Однако Москва стояла на своем месте; приближался вечер, когда они подъезжали. Москва завесилась струистым, раскаленным, тонко-пыльным пологом – издалека сиял в нем золотой купол Спасителя, расплавленная глава Ивана Великого.
Войдя в свою комнату, Катя отворила окно и взглянула на те пути Курской дороги, по которым они только что проехали, и которые – казалось ей весной – ведут в далекую и неизвестную страну. Теперь они вели в определенное место; на географической карте оно приняло золотой ореол, заставлявший замирать сердце.
Мать сняла шляпу.
– Разбери-ка вещи, девушка. А я пойду по телефону говорить.
Это значило, что начинается ежедневная человеческая жизнь, с мелочами, беготней, службой. Катя покорно улыбнулась, стала развязывать чемодан. Теперь за всей этой обыденщиной стояло великое солнце и теплым лучом, золотом наливало каждый ее шаг. Она проделывала все, что полагается человеку, вернувшемуся в квартиру из отсутствия, и даже мало в чем ошибалась, но была в тех же снах, как это последнее время.
Так она и легла в этот вечер, так и встала наутро, и ходила к дантистке, к «Работнику» по поручению Колгушина; там бродили обветренные помещики, а Катя неловко сунула испорченную часть жнеи. Около трех дня, в великую жару, она зашла в молочную. Молоко ей дали холодное. Она выпила залпом, и ей даже понравилось, что так освежает. Потом вскочила на трамвай и на задней площадке, под боковым, горячим солнцем покатила по кольцу Садовых. Она ехала к Ивану Лукичу Арефьеву, дяде Константина Сергеича, и домовладельцу.
Иван Лукич жил на Плющихе, во флигеле при особнячке; к нему надо было проходить по мосткам через двор, хотя и мощеный, но с травкой между камнями. За флигелем был сад.
Иван Лукич отворил ей сам, не снимая предохранительной цепочки. Увидев барышню, пустил охотно.

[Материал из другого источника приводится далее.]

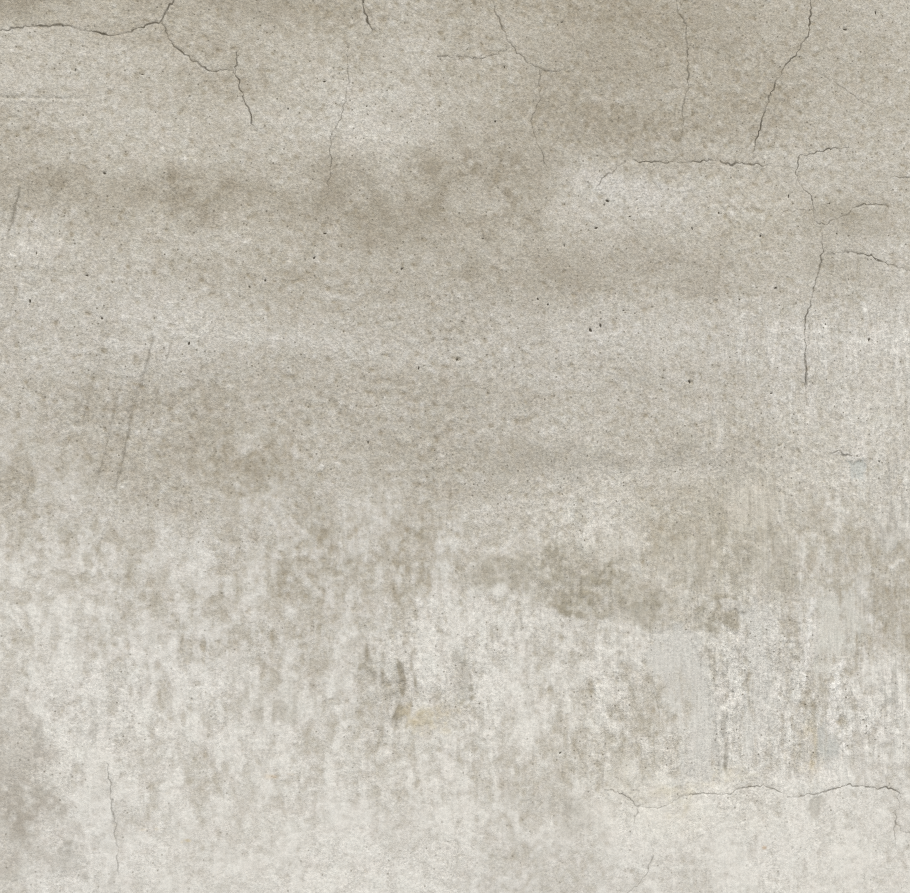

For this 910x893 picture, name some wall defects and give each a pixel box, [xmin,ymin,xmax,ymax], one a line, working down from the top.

Был он небольшого роста, довольно аккуратный старичок в люстриновом пиджаке. Много лет избирался в Городскую Думу умеренными либералами и вотировал кредиты на мостовые. Это был его любимый пункт. Как горячий москвич и патриот, особенно страдал он за мостовые. Раз ему удалось произнести об этом речь, сорвавшую аплодисмент. Затем, дважды, он выступал в почтенной газете со статьями: «Еще к вопросу о поливке улиц» и «О сравнительных качествах булыжной мостовой и гранитной брусчатки по данным центрального бюро исследования шоссейного дела в Германии». Тут он горой стоял за гранит.
Иван Лукич вежливо попросил Катю в кабинет, где были книги, висел портрет Михайловского и стоял маленький аквариум с рыбками. Тут он прочел письмо.

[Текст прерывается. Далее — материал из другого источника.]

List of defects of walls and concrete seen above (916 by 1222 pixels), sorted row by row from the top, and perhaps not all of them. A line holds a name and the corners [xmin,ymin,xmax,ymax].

– Костины книги, барышня, у меня в полном порядке, и сию минуту я их выдам вам.
Затем снял с полки пакет, завязанный веревочкой, и подал Кате.
– А вы его соседка будете?
Катя объяснила.
– Так-с. Надо сказать, что Костю я знаю с детства. Отец его был ученейший человек, Костя тоже образованный, но несколько, как бы сказать… мечтательного направления. Знаете, как вообще современные люди. Мы-с, – сказал он тверже, – выросли на иной закваске. Я и сам, если угодно знать, положительного образа мыслей.
Иван Лукич был очень любезен с Катей. Он всучил ей даже чашку чаю с печеньем, расспрашивал, какие теперь на курсах лучшие профессора, и вышел проводить до ворот. Но по дороге вдруг энергически абордировал человека, вышедшего из какой-то калитки.
– Нет, нет, – закричал он довольно высоким голосом, – я покорнейше прошу, раз навсегда, не пользоваться проходным двором через мои владения! Покорнейше прошу!